### EXERCISE
Transcribe, leaving out every picture, the lines that run from the start of the listing below through the line with "[12.2 s-24.2 s]".

### MATERIAL FOR THE TASK
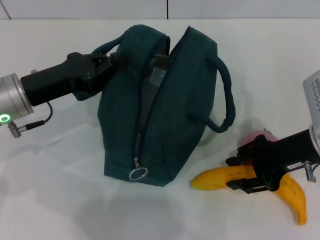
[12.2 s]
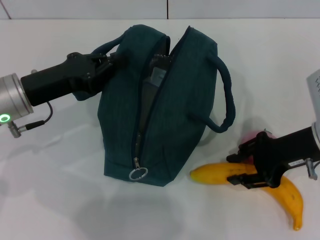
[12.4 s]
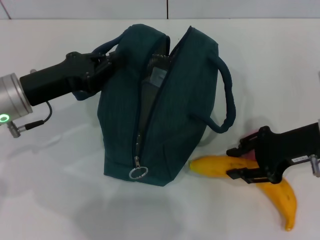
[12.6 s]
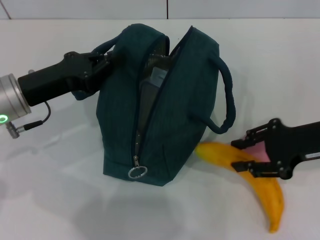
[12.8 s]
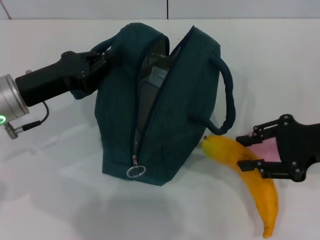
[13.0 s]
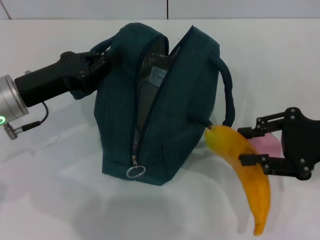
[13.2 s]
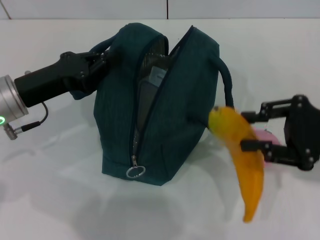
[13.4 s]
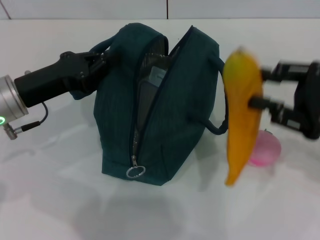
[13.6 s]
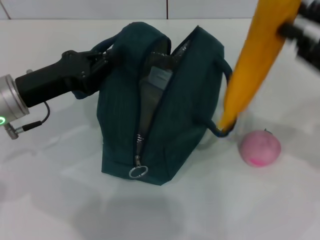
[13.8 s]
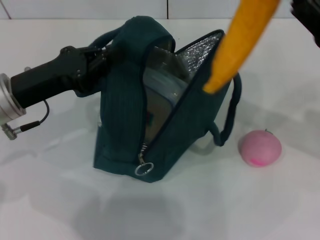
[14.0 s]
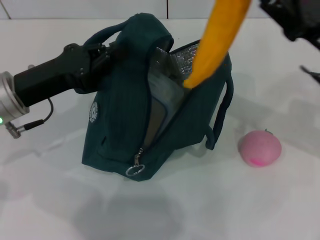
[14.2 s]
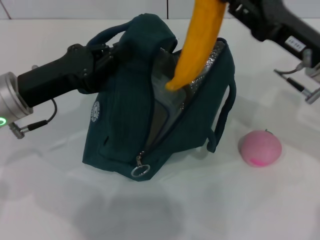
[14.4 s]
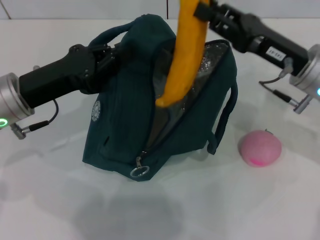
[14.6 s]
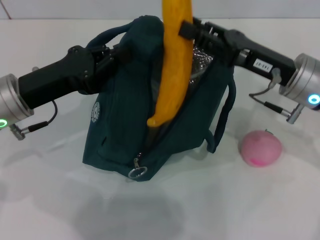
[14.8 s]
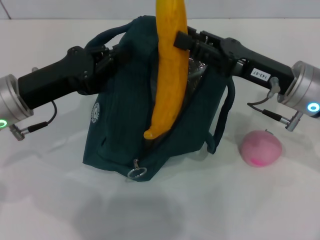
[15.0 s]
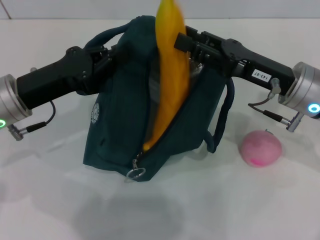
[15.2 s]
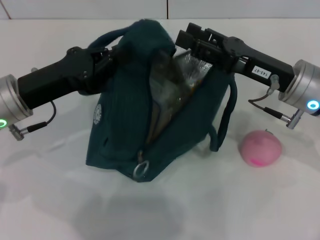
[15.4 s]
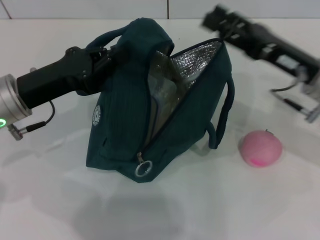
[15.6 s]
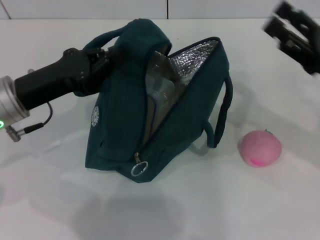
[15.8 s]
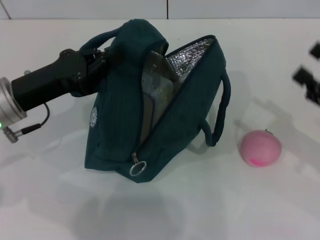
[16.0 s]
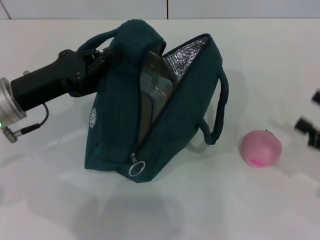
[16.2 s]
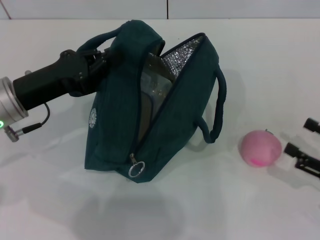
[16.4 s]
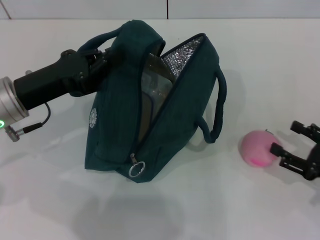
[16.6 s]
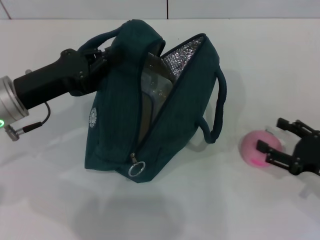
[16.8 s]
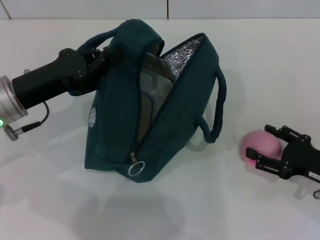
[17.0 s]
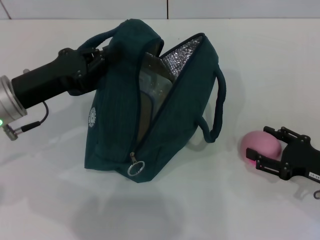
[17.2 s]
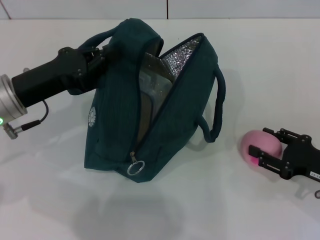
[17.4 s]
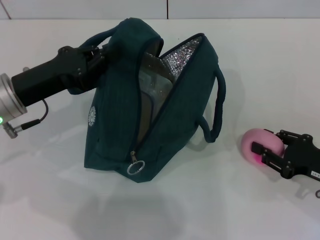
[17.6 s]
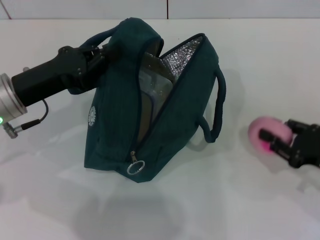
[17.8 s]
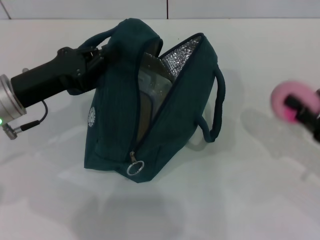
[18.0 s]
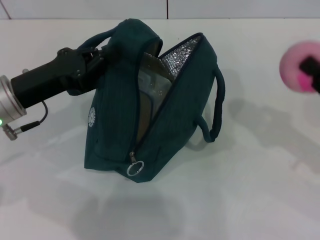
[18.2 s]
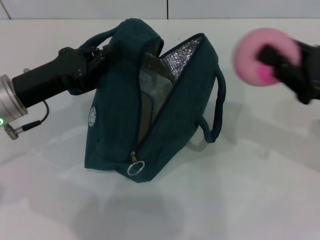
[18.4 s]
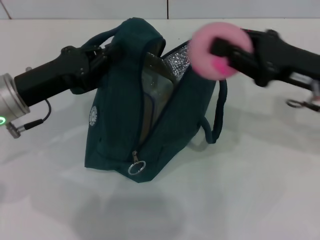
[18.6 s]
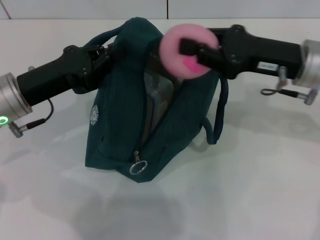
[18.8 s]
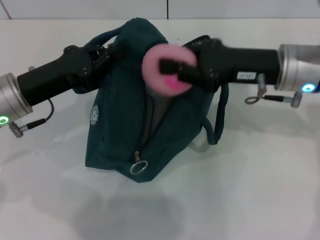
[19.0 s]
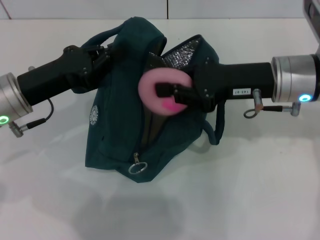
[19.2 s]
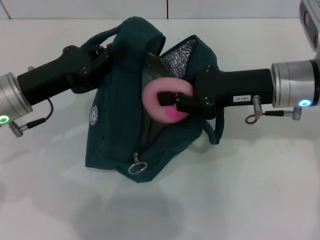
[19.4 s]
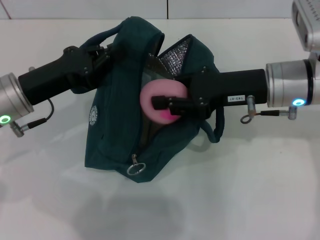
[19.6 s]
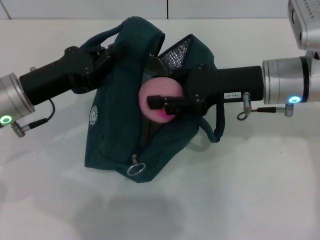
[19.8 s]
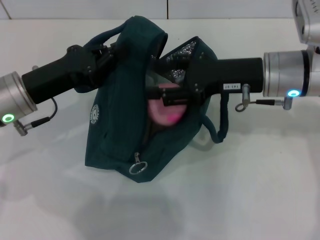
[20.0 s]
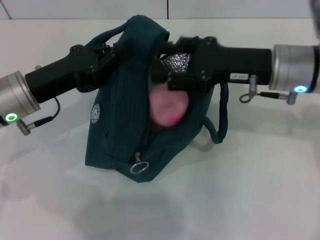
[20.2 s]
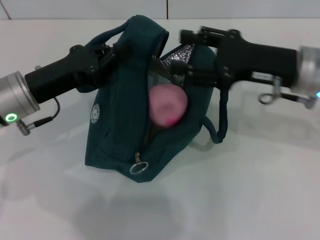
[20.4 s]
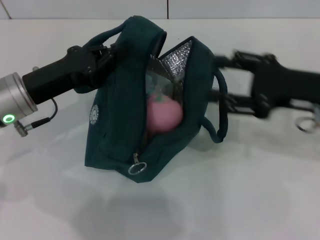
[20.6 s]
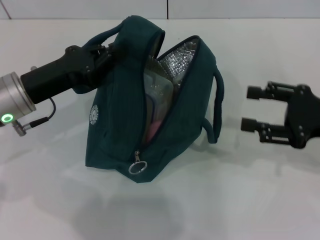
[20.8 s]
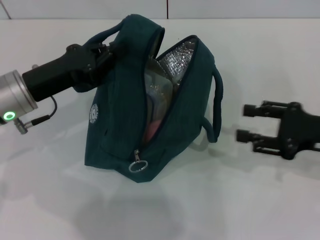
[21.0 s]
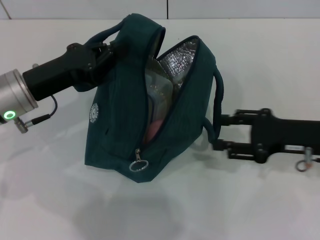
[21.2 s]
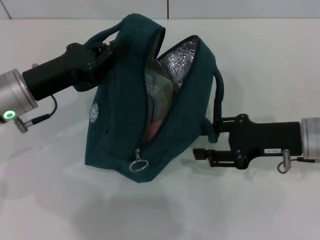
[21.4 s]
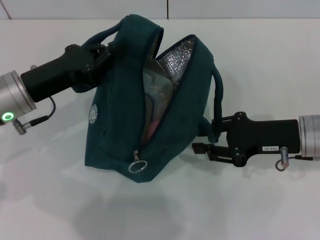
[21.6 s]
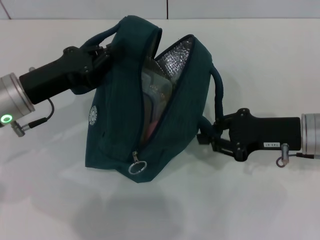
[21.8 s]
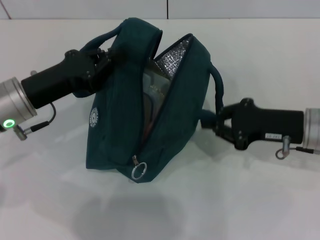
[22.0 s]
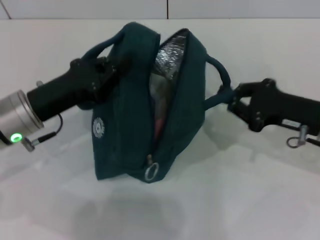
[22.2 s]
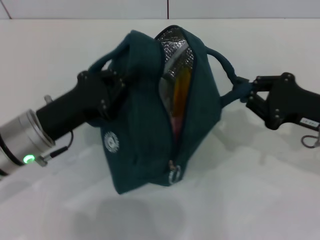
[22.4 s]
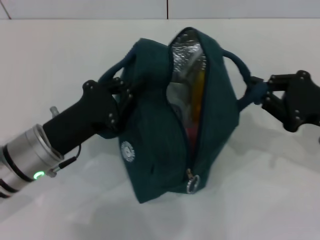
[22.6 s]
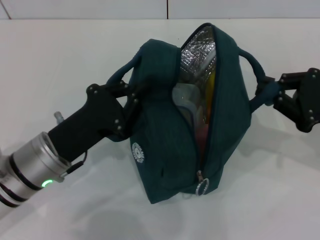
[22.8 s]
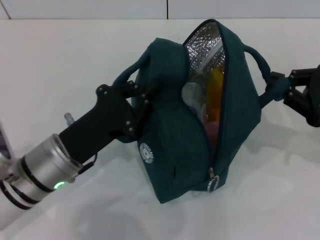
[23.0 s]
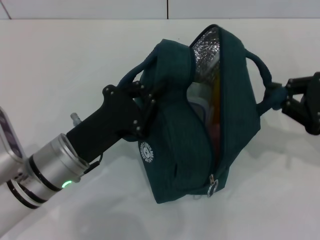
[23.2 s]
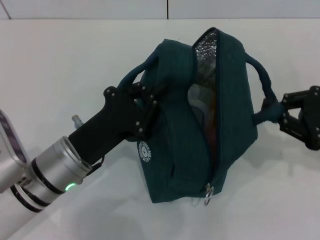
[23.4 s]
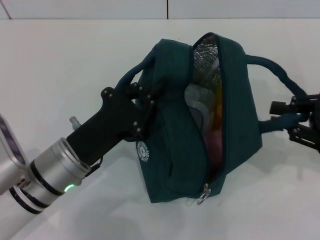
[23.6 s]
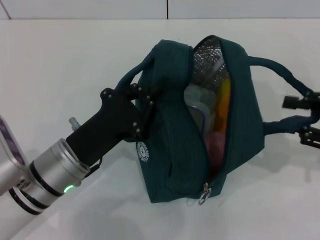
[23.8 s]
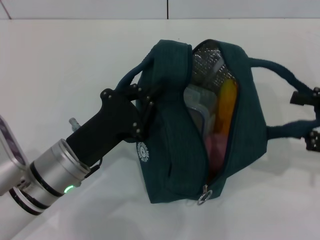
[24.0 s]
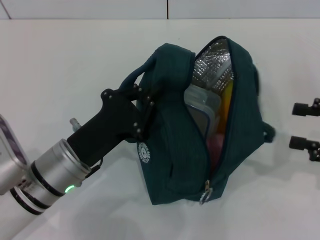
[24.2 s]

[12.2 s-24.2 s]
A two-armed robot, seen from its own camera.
Step, 12.6 to 15.2 s: Put the banana into the lunch bag with your right hand.
Step, 15.4 to 17.6 s: Grab the peach with your right hand.
Step, 20.2 to 23.6 s: Hold the lunch bag with your right hand.
12.2 to 13.8 s: The right gripper goes some 5 cm upward.
13.8 to 15.2 s: The right gripper shifts approximately 10 cm to the left.
15.2 to 16.6 s: The right gripper heads to the right, backward and downward, covering roughly 20 cm, and opens up.
16.6 to 18.2 s: The right gripper goes some 5 cm upward, and closes its fingers.
18.2 to 19.8 s: The right gripper goes roughly 20 cm to the left and forward.
19.8 to 21.2 s: The right gripper heads to the right, downward and backward, covering approximately 10 cm.
21.2 to 22.6 s: The right gripper closes its fingers, while the left gripper goes about 5 cm backward.
22.6 to 24.2 s: The right gripper moves to the right, roughly 5 cm, and opens up.

### TASK RESULT
[12.2 s]
[12.4 s]
[12.6 s]
[12.8 s]
[13.0 s]
[13.2 s]
[13.4 s]
[13.6 s]
[13.8 s]
[14.0 s]
[14.2 s]
[14.4 s]
[14.6 s]
[14.8 s]
[15.0 s]
[15.2 s]
[15.4 s]
[15.6 s]
[15.8 s]
[16.0 s]
[16.2 s]
[16.4 s]
[16.6 s]
[16.8 s]
[17.0 s]
[17.2 s]
[17.4 s]
[17.6 s]
[17.8 s]
[18.0 s]
[18.2 s]
[18.4 s]
[18.6 s]
[18.8 s]
[19.0 s]
[19.2 s]
[19.4 s]
[19.6 s]
[19.8 s]
[20.0 s]
[20.2 s]
[20.4 s]
[20.6 s]
[20.8 s]
[21.0 s]
[21.2 s]
[21.4 s]
[21.6 s]
[21.8 s]
[22.0 s]
[22.2 s]
[22.4 s]
[22.6 s]
[22.8 s]
[23.0 s]
[23.2 s]
[23.4 s]
[23.6 s]
[23.8 s]
[24.0 s]
[24.2 s]

[12.2 s-24.2 s]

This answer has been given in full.